Today i showed the following configuration to local shop

Processor	: Intel Core i5 2500	
Motherboard :Intel DH67BL-B3	
RAM :Corsair CMV4GX3M1A1333C9 4GB	
HDD : Seagate 1TB
DVD Writer:	LG 22X SATA DVD
PSU: FSP Saga II 500W	
Case : CM Elite 430	
Monitor: Benq G2220HD	
Mouse & Keyboard :Logitech

FSP saga II not available in my locality, they have only *CoolerMaster, hynix, Mercury, *
and benq monitor not available. They have *LG, Samsung, HCL.*

now i go for which powersupply, and i want Monitor with HDMI support.


----------



## Jaskanwar Singh (Jul 5, 2011)

^ask them CM real power pro 460w


----------



## anandharaja (Jul 5, 2011)

@ Jaskanwar Singh
460W is enough for that configuration. what is the price of PSU.
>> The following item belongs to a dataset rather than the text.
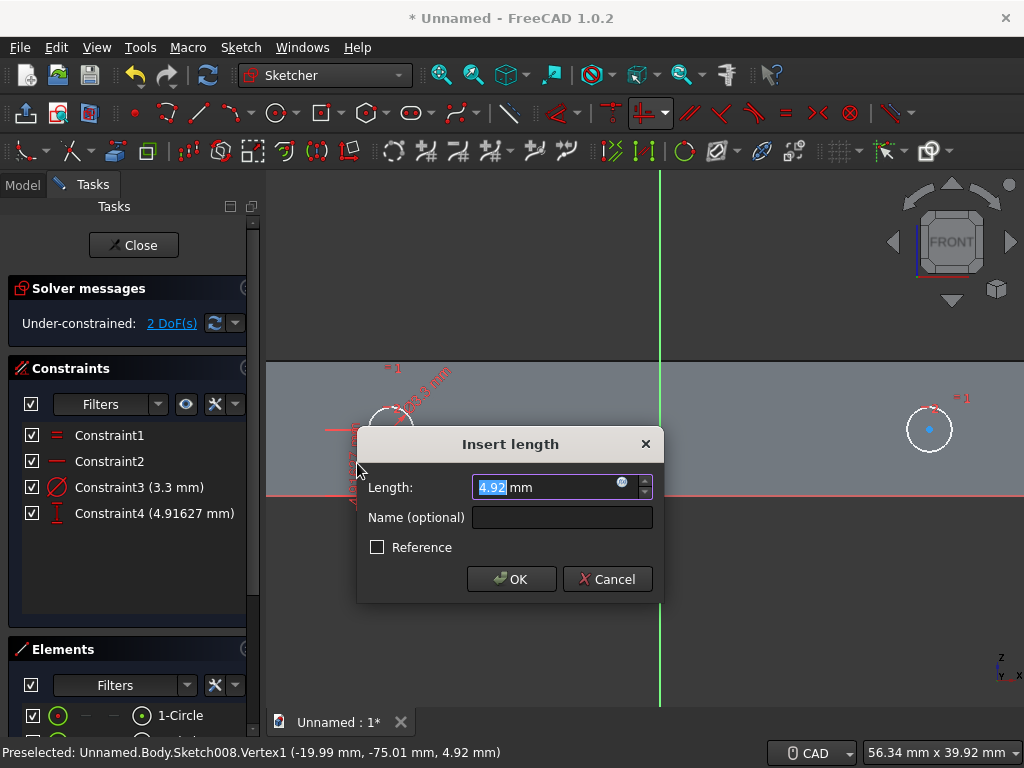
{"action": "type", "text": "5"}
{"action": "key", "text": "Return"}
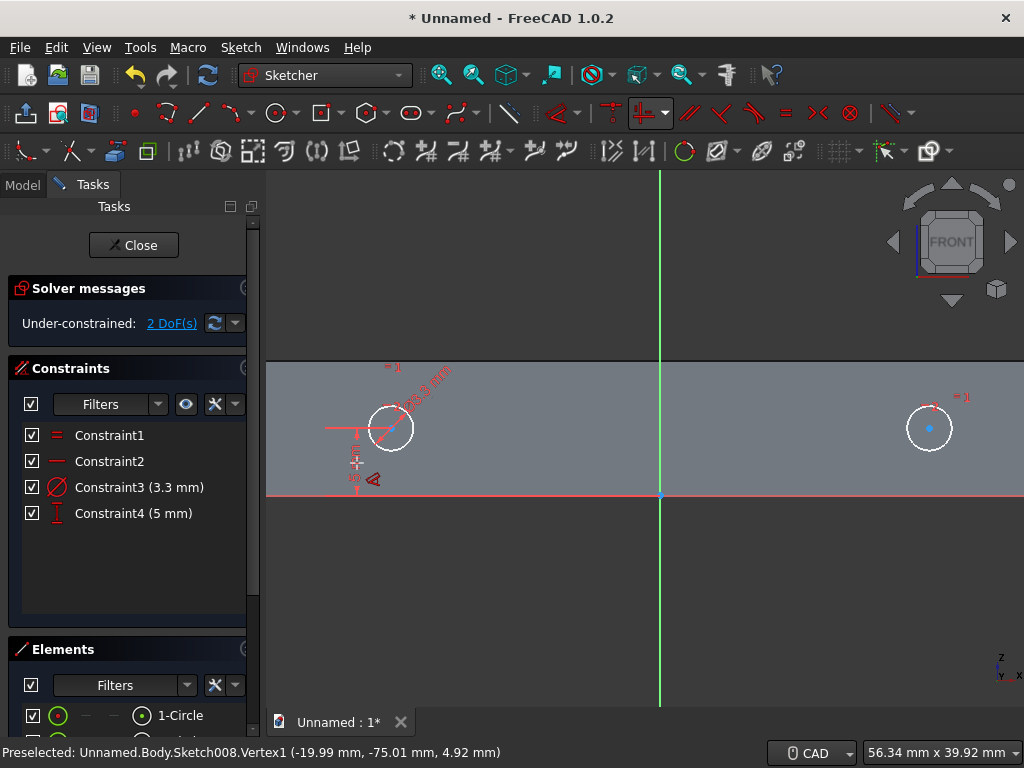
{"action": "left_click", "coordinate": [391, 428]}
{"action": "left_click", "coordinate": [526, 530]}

now which LED monitor i choose LG/Samsung, i want with HDMI support, can u suggest the model and price.

Thanks


----------



## SlashDK (Jul 5, 2011)

He can go for CM GX 450/550 . I'm using 550 with Athlon ii x4 635 and HD 6850 (stock) with no problems.


----------



## Jaskanwar Singh (Jul 5, 2011)

anandharaja said:


> @ Jaskanwar Singh
> 460W is enough for that configuration. what is the price of PSU.
> 
> now which LED monitor i choose LG/Samsung, i want with HDMI support, can u suggest the model and price.
> ...



you can get it for 3.6k~. it will suffice for upto 6870 + your rig.



Cybertonic said:


> He can go for CM GX 450/550 . I'm using 550 with Athlon ii x4 635 and HD 6850 (stock) with no problems.



baba's GX550 went bad. he had to rma his mobo twice.


----------



## agyaat (Jul 5, 2011)

Wattage help from coolermaster site


----------



## SlashDK (Jul 5, 2011)

^^ shubh shubh bolo, mines working great .


----------



## Jaskanwar Singh (Jul 6, 2011)

Cybertonic said:


> ^^ shubh shubh bolo, mines working great .



may yours last long enough


----------



## anandharaja (Jul 6, 2011)

i want good power supply with feature proof. not only consider that above configuration may be in future i bought better graphics card,and tv tuner etc. i don't like to replace my PSU in future.
can any one suggest LED HD monitor with HDMI support. LG/Samsung.

Can i go with CM Real Power Pro 460W or CM Extreme Power Plus 600w.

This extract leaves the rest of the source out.